Supervising the project was Ferdinand Piëch, nephew of Ferry Porsche then in charge of research and development and the driving force behind the company’s rapid succession of iconic racing cars culminating in the mighty 917. Leading the development was Helmuth Bott, a brilliant engineer who would eventually rise to become R&D chief himself. Thus the four-cylinder 914 was born, along with its upscale brother, the 914/6. Both would be marketed as VW-Porsches everywhere in the world except North America where they were branded as Porsches.
It was a marketing decision that confounded potential buyers and nearly obscured the abundant virtues of the new car. Early reaction from Porsche fans was negative. The styling was widely perceived as bland. Furthermore, how could the four-cylinder car be considered a genuine Porsche, built not in Zuffenhausen but in Osnabrück, with an engine constructed by VW? Defenders pointed out that the much revered 1950 Porsche 356 was not so different—built in Gmünd, Austria, and powered by a hot-rodded VW engine. Unlike the 356, the 914 was designed by Porsche from a clean sheet of paper, but faced an uphill battle toward acceptance.

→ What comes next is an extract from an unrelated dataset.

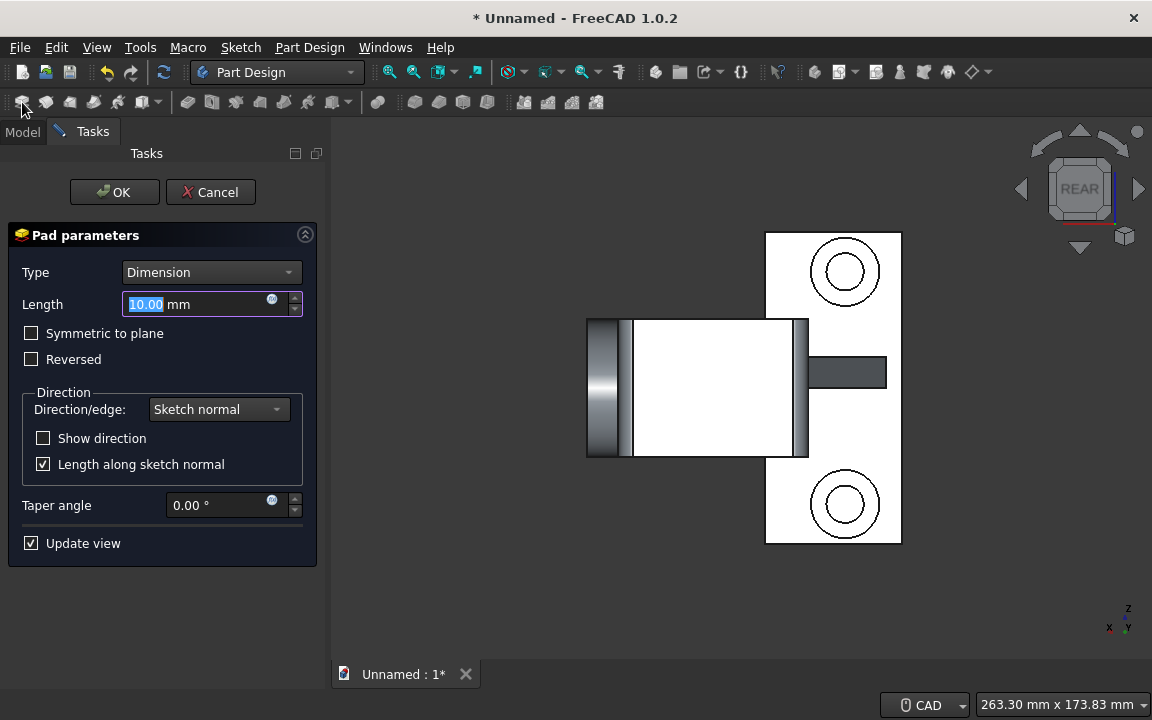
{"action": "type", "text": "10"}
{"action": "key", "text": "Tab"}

Still, among its merits the 914 boasted torsional stiffness equal to the 911 coupe and higher than that of the Targa. It was the first mid-engine Porsche production car and the first with coil spring rear suspension. Bott readily revealed that the 914/6 had a six to eight percent advantage in cornering power over a comparable 911. The low center of gravity and low polar moment of inertia gave both versions of the 914 an agility that appealed to the serious enthusiast.

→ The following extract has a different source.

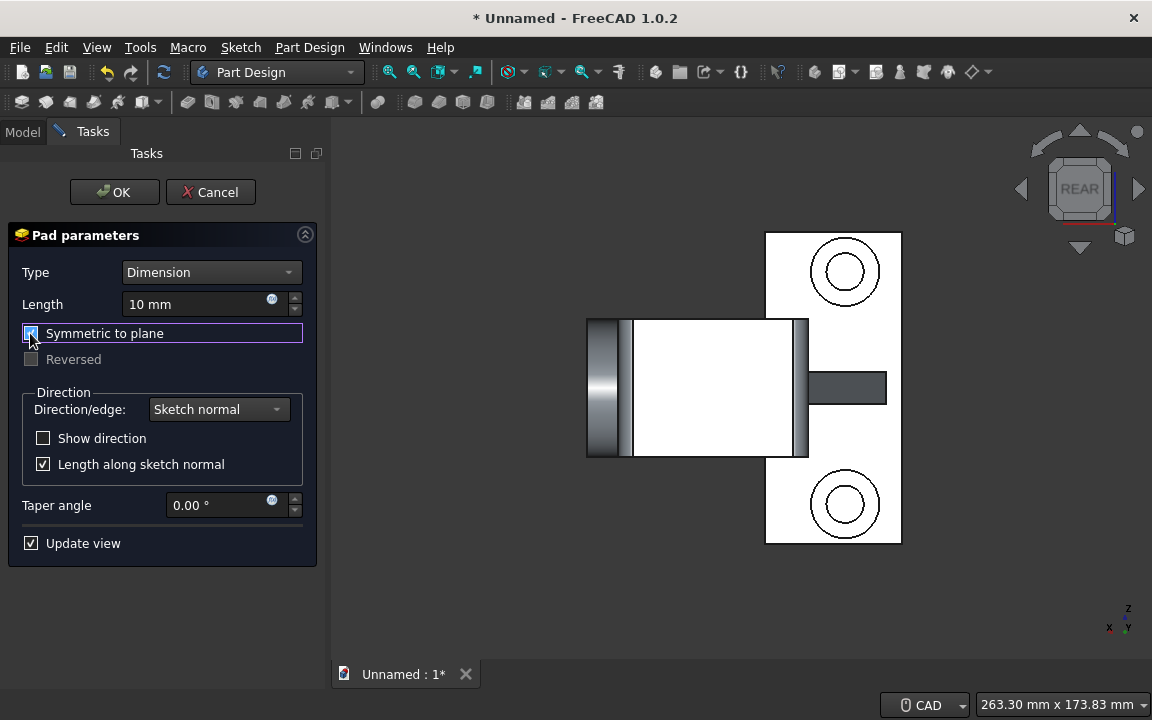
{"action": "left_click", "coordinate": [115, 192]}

But the 914/6 had an additional problem beyond the marketing that linked it strongly to VW everywhere but in America. The death of Heinz Nordhoff in the spring of 1968 had a calamitous effect on the future of Porsche’s entry level car since the actual contract with Volkswagen failed to specify that Porsche could make the 914/6. It had been an informal agreement between Nordhoff and Ferry Porsche and when Kurt Lotz took over at VW, there was limited enthusiasm for the 914 project and no commitment to facilitating the 914/6.
In the end, Porsche would have to pay Karmann more for the bodies for the 914/6 than it was paying the Osnabrück firm for the 911 bodies they were also producing. As the cost of building the 914/6 edged ever closer to that of the 911, Porsche’s intent to offer it at a significantly lower price grew to be an increasingly marginal effort.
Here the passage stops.